» ASSIGNMENT
Every entry must be set down exactly in the answer; no pictures should appear.

**** SOURCE INFORMATION ****

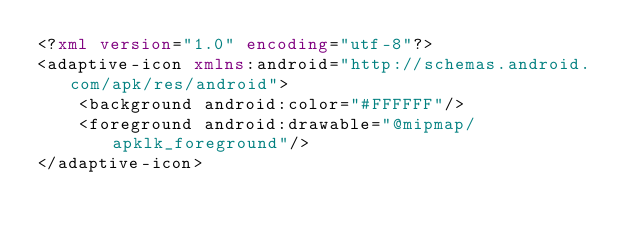Convert code to text. <code><loc_0><loc_0><loc_500><loc_500><_XML_><?xml version="1.0" encoding="utf-8"?>
<adaptive-icon xmlns:android="http://schemas.android.com/apk/res/android">
    <background android:color="#FFFFFF"/>
    <foreground android:drawable="@mipmap/apklk_foreground"/>
</adaptive-icon></code>

****

» EXPECTED ANSWER
Convert code to text. <code><loc_0><loc_0><loc_500><loc_500><_XML_><?xml version="1.0" encoding="utf-8"?>
<adaptive-icon xmlns:android="http://schemas.android.com/apk/res/android">
    <background android:color="#FFFFFF"/>
    <foreground android:drawable="@mipmap/apklk_foreground"/>
</adaptive-icon></code>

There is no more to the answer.